Variable-count shifts are worse in Intel SnB-family than they were in Core2/Nehalem; IDK how they managed to make SHR r,cl a single-uop instruction there, since it still needs to preserve flags if cl is zero. But a uop can't have more than 2 inputs (until Haswell for FMA, and Broadwell for adc/cmov and a couple other things beyond FMA). This means it can be a good idea to use SHRX when available, even if you could use SHR with no extra MOV instructions.
Anyway, if I get around to it, I'll test Skylake's SHR latency from r,cl to output flags. If it's 1c, then that's lower latency than shrx/test and SHR might be a win when we can use its ZF output. (But still keep in mind that SHR still has a dependency on the input flags in cases where you know cl is non-zero, because the hardware still doesn't.)
If branching on the flags, test/jcc macro-fuses (on AMD and Intel), so SHR/JCC is only a small code-size saving vs. SHR/TEST/JCC. There's no saving in uops anywhere, except on CPUs like Intel pre-SnB which don't try hard in the decoders to fuse TEST/JCC across a decode-group.
re: cmpl $128, %edi vs. shr 0x7,%edi:
Immediate shifts are not problematic, only variable-count. So I think using flags from that destructive SHR is a good thing for setcc/cmovcc (but not jcc because it can't macro-fuse). If there's a lot of pressure on the shift ports (p0/p6 on Skylake), then CMP is good because it can run on any port.
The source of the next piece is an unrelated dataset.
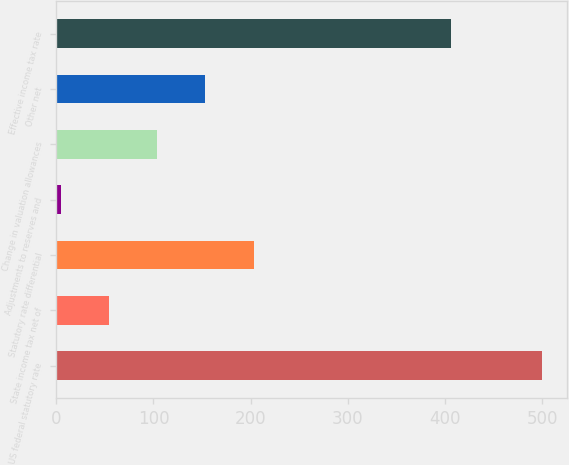<chart> <loc_0><loc_0><loc_500><loc_500><bar_chart><fcel>US federal statutory rate<fcel>State income tax net of<fcel>Statutory rate differential<fcel>Adjustments to reserves and<fcel>Change in valuation allowances<fcel>Other net<fcel>Effective income tax rate<nl><fcel>500<fcel>54.5<fcel>203<fcel>5<fcel>104<fcel>153.5<fcel>406<nl></chart> 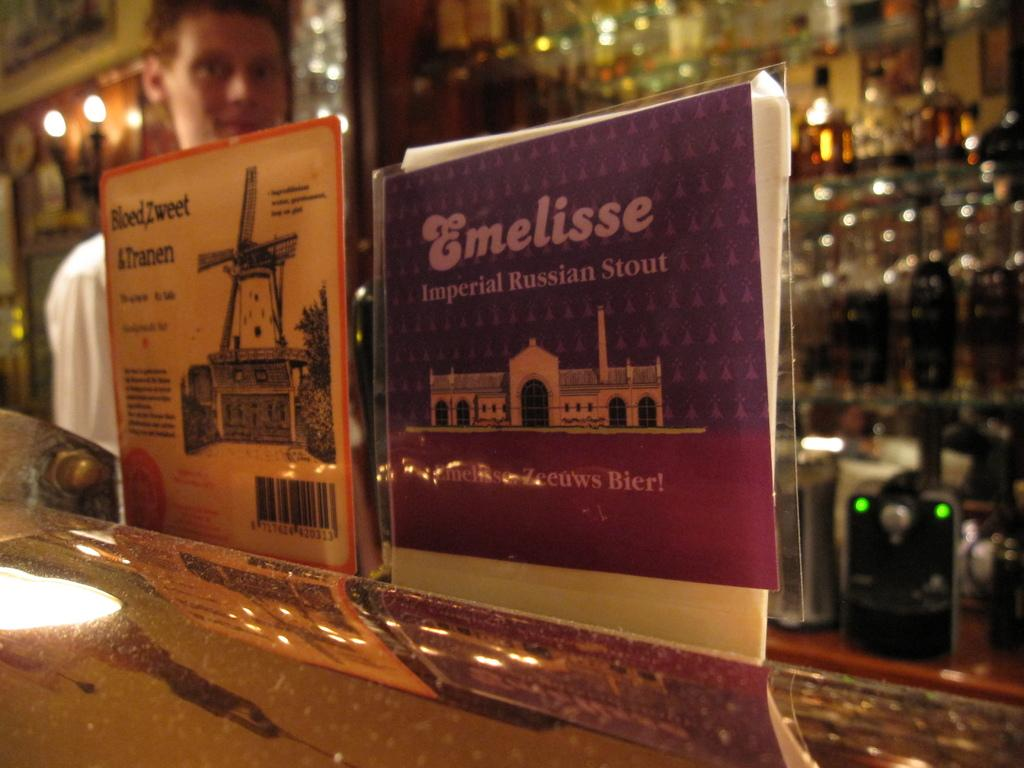Who is present in the image? There is a man in the image. What is the man standing near? There is a table in the image. What are the posts used for in the image? The posts are used to support the structure in the image. What are the lights used for in the image? The lights provide illumination in the image. What is the rack used for in the image? The rack is used for storage in the image. What are the bottles used for in the image? The bottles are used for holding liquid in the image. What is the device used for in the image? The device is used for a specific function in the image, but we cannot determine its purpose without more information. How many cherries are on the table in the image? There are no cherries present in the image. What is the man's reaction to the surprise in the image? There is no surprise or reaction to it in the image.

If the shift count was any lower, the CMP immediate would fit in an imm8, making it the clearly better choice (assuming you don't want the integer shift or sub result, only flags).
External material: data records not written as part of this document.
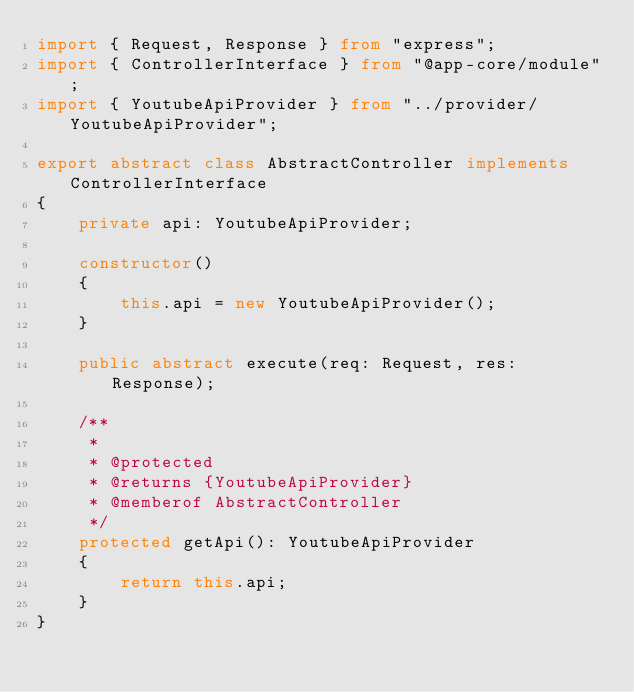Convert code to text. <code><loc_0><loc_0><loc_500><loc_500><_TypeScript_>import { Request, Response } from "express";
import { ControllerInterface } from "@app-core/module";
import { YoutubeApiProvider } from "../provider/YoutubeApiProvider";

export abstract class AbstractController implements ControllerInterface
{
    private api: YoutubeApiProvider;

    constructor()
    {
        this.api = new YoutubeApiProvider();
    }

    public abstract execute(req: Request, res: Response);

    /**
     *
     * @protected
     * @returns {YoutubeApiProvider}
     * @memberof AbstractController
     */
    protected getApi(): YoutubeApiProvider
    {
        return this.api;
    }
}
</code> 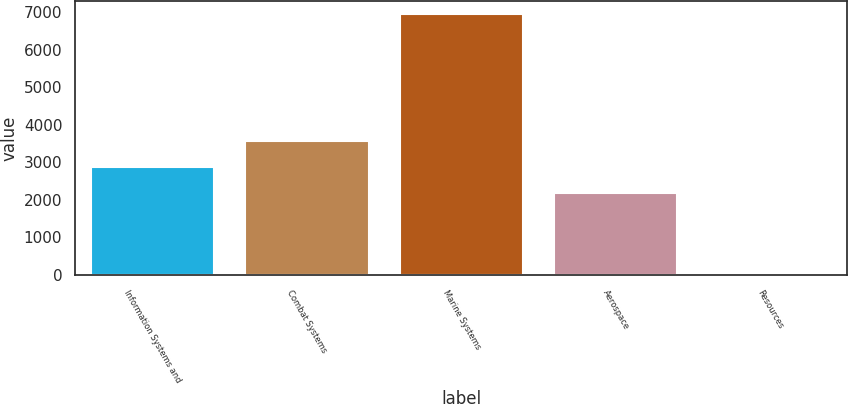<chart> <loc_0><loc_0><loc_500><loc_500><bar_chart><fcel>Information Systems and<fcel>Combat Systems<fcel>Marine Systems<fcel>Aerospace<fcel>Resources<nl><fcel>2880.5<fcel>3569<fcel>6943<fcel>2192<fcel>58<nl></chart> 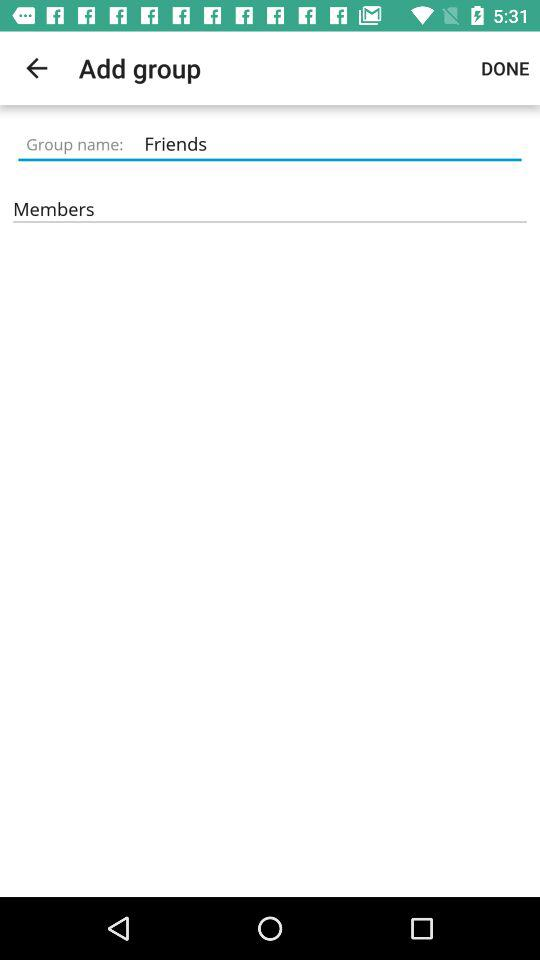Which friends have been added to the group?
When the provided information is insufficient, respond with <no answer>. <no answer>

We do fold immediate non-zero shifts using isDefConvertible from X86InstrInfo.cpp.
Unfortunately, for the shift by 7 I'm guessing instcombine created that compare, but I didn't check.
You can't merge the shift and the test unless you can prove the shift is by a non-zero amount. Shifts of zero don't update flags.
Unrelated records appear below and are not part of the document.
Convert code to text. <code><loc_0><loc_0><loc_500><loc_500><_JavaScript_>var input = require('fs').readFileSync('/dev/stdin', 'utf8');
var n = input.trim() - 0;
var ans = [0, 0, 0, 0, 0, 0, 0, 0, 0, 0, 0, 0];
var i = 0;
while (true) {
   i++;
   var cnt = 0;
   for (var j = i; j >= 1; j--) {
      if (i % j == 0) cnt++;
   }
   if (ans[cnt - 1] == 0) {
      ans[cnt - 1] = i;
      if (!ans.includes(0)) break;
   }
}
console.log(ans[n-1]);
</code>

Thanks I'd missed that. Updated test case still fails (I don't have a real world example of this, although I probably have variant cases which are known non-zero):
int test(unsigned i, unsigned j, int a, int b) {
if (0 == (i >> (j | 1)))
return a;
return b;
}
define i32 @test(i32, i32, i32, i32) {
%5 = or i32 %1, 1
%6 = lshr i32 %0, %5
%7 = icmp eq i32 %6, 0
%8 = select i1 %7, i32 %2, i32 %3
ret i32 %8
}
test(unsigned int, unsigned int, int, int):
orl $1, %esi
movl %ecx, %eax
movl %esi, %ecx
shrl %cl, %edi
testl %edi, %edi
cmovnel %eax, %edx
movl %edx, %eax
retq
And by constant:
int test7(unsigned i, unsigned j, int a, int b) {
if (0 == (i >> 7))
return a;
return b;
}
define i32 @test7(i32, i32, i32, i32) {
%5 = icmp ult i32 %0, 128
%6 = select i1 %5, i32 %2, i32 %3
ret i32 %6
}
test7(unsigned int, unsigned int, int, int):
cmpl $128, %edi
cmovael %ecx, %edx
movl %edx, %eax
retq
Although the CMP takes 6 bytes, while using SHR would only take 3 bytes (but would be destructive):
test7(unsigned int, unsigned int, int, int):
shr $0x7,%edi
mov %ecx,%eax
cmove %edx,%eax
retq
Looks like the two address instruction pass analyzes the cmov and sees that the output ultimately needs to go to eax, src1 comes from ecx, and src2 comes from edx. But it doesn't see that the shift needs cl and thus the src map is wrong.
Looks like we had CMOVE before the peep optimizer went crazy and decided to swap it.
You can't merge the shift and the test unless you can prove the shift is by a non-zero amount. Shifts of zero don't update flags.
The first point is fixed, final mov is not there now - https://gcc.godbolt.org/z/4Yc5G7fMq.
Extended Description
llc -mcpu=btver2
1 - we could remove the final move if the CMOVNE was changed/commuted to CMOVE 2 - why aren't we using the ZF flag result from SHR instead of the extra TEST?
gcc gets (1) right, but still doesn't do (2)
Also note, that more recently we use the BMI2 shifts instead which don't update the flags at all.